··· Dataset records ···
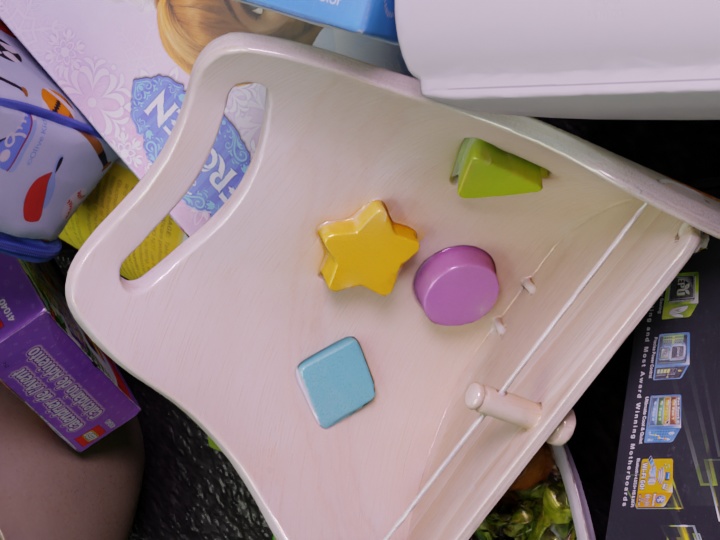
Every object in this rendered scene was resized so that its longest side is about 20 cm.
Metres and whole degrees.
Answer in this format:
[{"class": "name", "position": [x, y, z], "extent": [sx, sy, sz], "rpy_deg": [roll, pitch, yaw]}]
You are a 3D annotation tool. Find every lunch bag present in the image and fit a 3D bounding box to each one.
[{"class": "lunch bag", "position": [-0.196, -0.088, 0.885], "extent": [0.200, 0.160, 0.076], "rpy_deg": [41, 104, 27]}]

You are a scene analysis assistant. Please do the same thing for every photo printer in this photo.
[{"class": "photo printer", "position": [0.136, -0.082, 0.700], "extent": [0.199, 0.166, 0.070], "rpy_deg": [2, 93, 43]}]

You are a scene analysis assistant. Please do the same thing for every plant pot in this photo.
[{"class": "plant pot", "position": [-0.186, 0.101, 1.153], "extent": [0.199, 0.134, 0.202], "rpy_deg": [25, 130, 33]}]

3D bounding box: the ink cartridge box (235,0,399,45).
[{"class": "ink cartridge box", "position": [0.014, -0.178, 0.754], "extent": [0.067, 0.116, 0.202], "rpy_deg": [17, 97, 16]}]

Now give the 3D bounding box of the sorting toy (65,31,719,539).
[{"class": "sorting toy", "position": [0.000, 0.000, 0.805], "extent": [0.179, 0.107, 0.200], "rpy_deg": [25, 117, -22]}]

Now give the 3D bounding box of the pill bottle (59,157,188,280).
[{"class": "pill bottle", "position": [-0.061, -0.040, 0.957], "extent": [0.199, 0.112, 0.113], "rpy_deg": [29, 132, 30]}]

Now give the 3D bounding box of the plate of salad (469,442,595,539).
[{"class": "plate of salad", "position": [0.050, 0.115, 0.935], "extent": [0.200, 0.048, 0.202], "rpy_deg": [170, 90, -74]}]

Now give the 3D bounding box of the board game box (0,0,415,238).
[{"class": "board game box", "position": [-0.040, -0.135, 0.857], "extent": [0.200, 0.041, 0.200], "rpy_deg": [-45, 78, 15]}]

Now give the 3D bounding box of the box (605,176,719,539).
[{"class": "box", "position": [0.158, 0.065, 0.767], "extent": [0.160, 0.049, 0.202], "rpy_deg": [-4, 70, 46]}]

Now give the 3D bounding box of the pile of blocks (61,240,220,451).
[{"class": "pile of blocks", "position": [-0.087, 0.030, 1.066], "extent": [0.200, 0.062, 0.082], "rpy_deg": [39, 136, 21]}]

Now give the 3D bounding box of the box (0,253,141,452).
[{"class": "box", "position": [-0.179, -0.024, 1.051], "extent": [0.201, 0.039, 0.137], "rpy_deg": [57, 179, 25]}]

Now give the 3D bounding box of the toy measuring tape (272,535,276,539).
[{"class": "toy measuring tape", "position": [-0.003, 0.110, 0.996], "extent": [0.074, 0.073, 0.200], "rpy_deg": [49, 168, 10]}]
···
> Task goal: Could you repeat every record exactly as written, with the pictures left out?

> Answer space:
Every object in this rendered scene was resized so that its longest side is about 20 cm.
Metres and whole degrees.
Answer in this format:
[{"class": "name", "position": [x, y, z], "extent": [sx, sy, sz], "rpy_deg": [roll, pitch, yaw]}]
You are a 3D annotation tool. Find every lunch bag present in the image and fit a 3D bounding box to each one.
[{"class": "lunch bag", "position": [-0.196, -0.088, 0.885], "extent": [0.200, 0.160, 0.076], "rpy_deg": [41, 104, 27]}]

You are a scene analysis assistant. Please do the same thing for every photo printer in this photo.
[{"class": "photo printer", "position": [0.136, -0.082, 0.700], "extent": [0.199, 0.166, 0.070], "rpy_deg": [2, 93, 43]}]

You are a scene analysis assistant. Please do the same thing for every plant pot in this photo.
[{"class": "plant pot", "position": [-0.186, 0.101, 1.153], "extent": [0.199, 0.134, 0.202], "rpy_deg": [25, 130, 33]}]

3D bounding box: the ink cartridge box (235,0,399,45).
[{"class": "ink cartridge box", "position": [0.014, -0.178, 0.754], "extent": [0.067, 0.116, 0.202], "rpy_deg": [17, 97, 16]}]

Now give the 3D bounding box of the sorting toy (65,31,719,539).
[{"class": "sorting toy", "position": [0.000, 0.000, 0.805], "extent": [0.179, 0.107, 0.200], "rpy_deg": [25, 117, -22]}]

Now give the 3D bounding box of the pill bottle (59,157,188,280).
[{"class": "pill bottle", "position": [-0.061, -0.040, 0.957], "extent": [0.199, 0.112, 0.113], "rpy_deg": [29, 132, 30]}]

Now give the 3D bounding box of the plate of salad (469,442,595,539).
[{"class": "plate of salad", "position": [0.050, 0.115, 0.935], "extent": [0.200, 0.048, 0.202], "rpy_deg": [170, 90, -74]}]

Now give the 3D bounding box of the board game box (0,0,415,238).
[{"class": "board game box", "position": [-0.040, -0.135, 0.857], "extent": [0.200, 0.041, 0.200], "rpy_deg": [-45, 78, 15]}]

Now give the 3D bounding box of the box (605,176,719,539).
[{"class": "box", "position": [0.158, 0.065, 0.767], "extent": [0.160, 0.049, 0.202], "rpy_deg": [-4, 70, 46]}]

Now give the 3D bounding box of the pile of blocks (61,240,220,451).
[{"class": "pile of blocks", "position": [-0.087, 0.030, 1.066], "extent": [0.200, 0.062, 0.082], "rpy_deg": [39, 136, 21]}]

Now give the 3D bounding box of the box (0,253,141,452).
[{"class": "box", "position": [-0.179, -0.024, 1.051], "extent": [0.201, 0.039, 0.137], "rpy_deg": [57, 179, 25]}]

Now give the 3D bounding box of the toy measuring tape (272,535,276,539).
[{"class": "toy measuring tape", "position": [-0.003, 0.110, 0.996], "extent": [0.074, 0.073, 0.200], "rpy_deg": [49, 168, 10]}]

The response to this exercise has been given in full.